Yes, sorry, I should've started with that. There are 2 exceptions, the first occurs when the program tries to insert the edge.
The second one occurs when the program invokes the db.shutdown() method on BatchInserter db. Unfortunately the message.log is empty I assume because the program was unable to shut down the db.

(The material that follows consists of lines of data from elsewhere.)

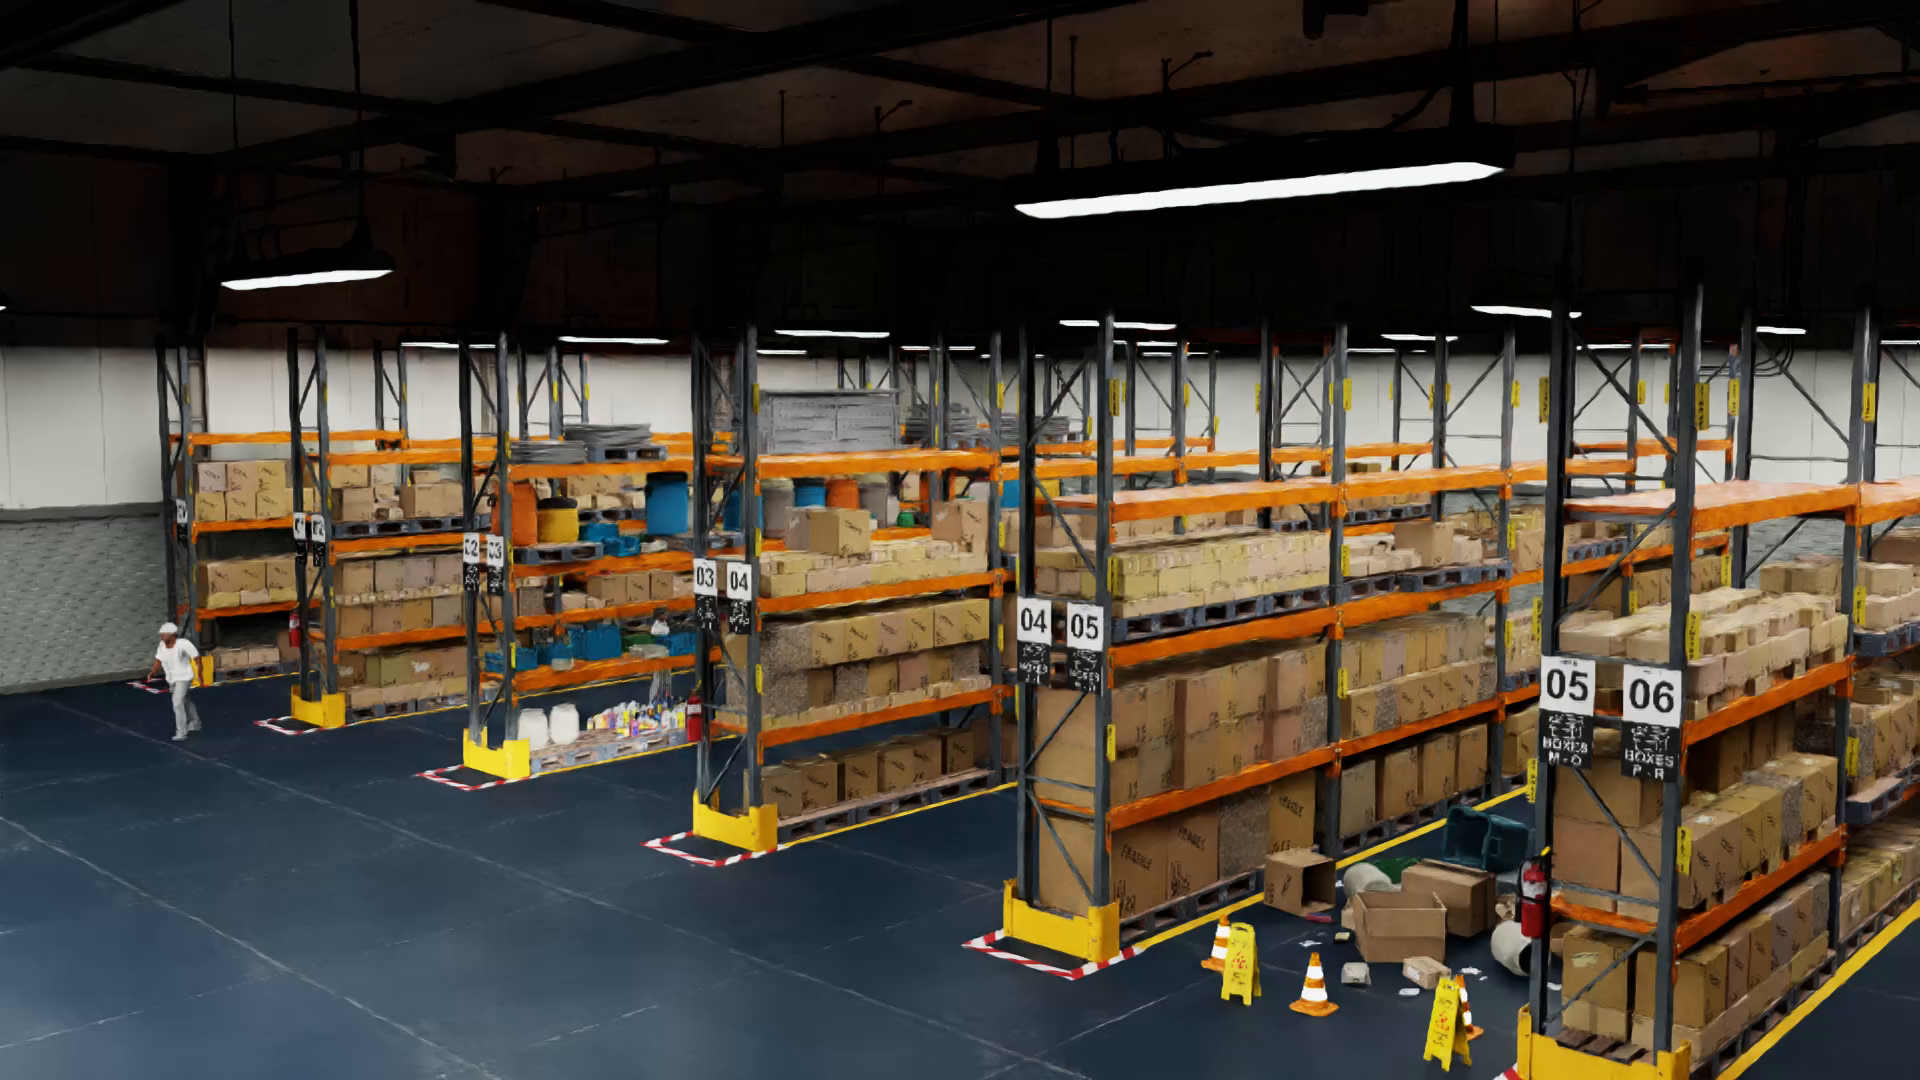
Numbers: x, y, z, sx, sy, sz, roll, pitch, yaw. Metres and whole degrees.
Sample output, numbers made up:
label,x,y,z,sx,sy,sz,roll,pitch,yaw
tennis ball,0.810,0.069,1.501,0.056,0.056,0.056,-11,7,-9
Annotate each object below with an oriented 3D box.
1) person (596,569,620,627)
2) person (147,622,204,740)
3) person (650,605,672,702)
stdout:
label,x,y,z,sx,sy,sz,roll,pitch,yaw
person,-7.089,1.200,33.251,0.535,1.653,1.036,4,6,34
person,-11.406,2.031,24.314,0.710,1.703,0.836,3,6,27
person,-4.668,1.858,26.212,0.416,1.677,0.537,1,6,14

I use neo4j-community-1.8.RC1-windows.
*Exception 1:*
java.io.IOException: The process cannot access the file because another process
has locked a portion of the file
at java.nio.MappedByteBuffer.force0(Native Method)
at java.nio.MappedByteBuffer.force(Unknown Source)
at org.neo4j.kernel.impl.nioneo.store.MappedPersistenceWindow.force(Mapp
edPersistenceWindow.java:93)
at org.neo4j.kernel.impl.nioneo.store.LockableWindow.writeOutAndClose(Lo
ckableWindow.java:64)
at org.neo4j.kernel.impl.nioneo.store.LockableWindow.writeOutAndCloseIfF
ree(LockableWindow.java:146)
at org.neo4j.kernel.impl.nioneo.store.PersistenceWindowPool.doRefreshBri
cks(PersistenceWindowPool.java:514)
at org.neo4j.kernel.impl.nioneo.store.PersistenceWindowPool.refreshBrick
s(PersistenceWindowPool.java:460)
at org.neo4j.kernel.impl.nioneo.store.PersistenceWindowPool.acquire(Pers
istenceWindowPool.java:127)
at org.neo4j.kernel.impl.nioneo.store.CommonAbstractStore.acquireWindow(
CommonAbstractStore.java:520)
at org.neo4j.kernel.impl.nioneo.store.NodeStore.getRecord(NodeStore.java
:76)
at org.neo4j.unsafe.batchinsert.BatchInserterImpl.getNodeRecord(BatchIns
erterImpl.java:904)
at org.neo4j.unsafe.batchinsert.BatchInserterImpl.createRelationship(Bat
chInserterImpl.java:455)
at GraphImporter_v2.load(GraphImporter_v2.java:101)
at GraphImporter_v2.main(GraphImporter_v2.java:45)
*Exception 2:*
org.neo4j.kernel.impl.nioneo.store.UnderlyingStorageException: Unable to close s
tore jakarta_g_db\neostore.nodestore.db
at org.neo4j.kernel.impl.nioneo.store.CommonAbstractStore.close(CommonAb
stractStore.java:699)
at org.neo4j.kernel.impl.nioneo.store.NeoStore.closeStorage(NeoStore.jav
a:236)
at org.neo4j.kernel.impl.nioneo.store.CommonAbstractStore.close(CommonAb
stractStore.java:634)
at org.neo4j.unsafe.batchinsert.BatchInserterImpl.shutdown(BatchInserter
Impl.java:700)
at GraphImporter_v2.load(GraphImporter_v2.java:120)
at GraphImporter_v2.main(GraphImporter_v2.java:45)
Caused by: java.io.IOException: The requested operation cannot be performed on a
file with a user-mapped section open
at sun.nio.ch.FileDispatcherImpl.truncate0(Native Method)
at sun.nio.ch.FileDispatcherImpl.truncate(Unknown Source)
at sun.nio.ch.FileChannelImpl.truncate(Unknown Source)
at org.neo4j.kernel.impl.nioneo.store.CommonAbstractStore.close(CommonAb
stractStore.java:669)
... 5 more
> Do you have the full exception and you graphdb/messages.log ?
> Sent from mobile device
> Am 03.10.2012 um 11:14 schrieb Gergely Svigruha <sger...@gmail.com<javascript:>
> >:
> I put them in the finally block but the problem still occurs...I even > started a new db so I think there cannot be any leftover locks...The > problem always occurs at the same edge (row in the input file).
> Yes, this is Windows 7.
> 2012. október 3., szerda 15:43:15 UTC+7 időpontban Michael Hunger a > következőt írta:
>> Probably a leftover file lock from a previous run.
>> Try to do the close of the readers and shutdown of db in try ... Finally
>> Is this windows?
>> Sent from mobile device
>> Am 03.10.2012 um 09:51 schrieb Gergely Svigruha <sger...@gmail.com>:
>> This is the code I use. Unfortunately the input I have doesn't contain >> node ids as requested in the CSV importer previously recommended, so I have >> to create the id's myself. I have a previous version which reads the input >> only once and creates the nodes and edges simultaneously but I had the same >> error with that after ~30M edges / 90M.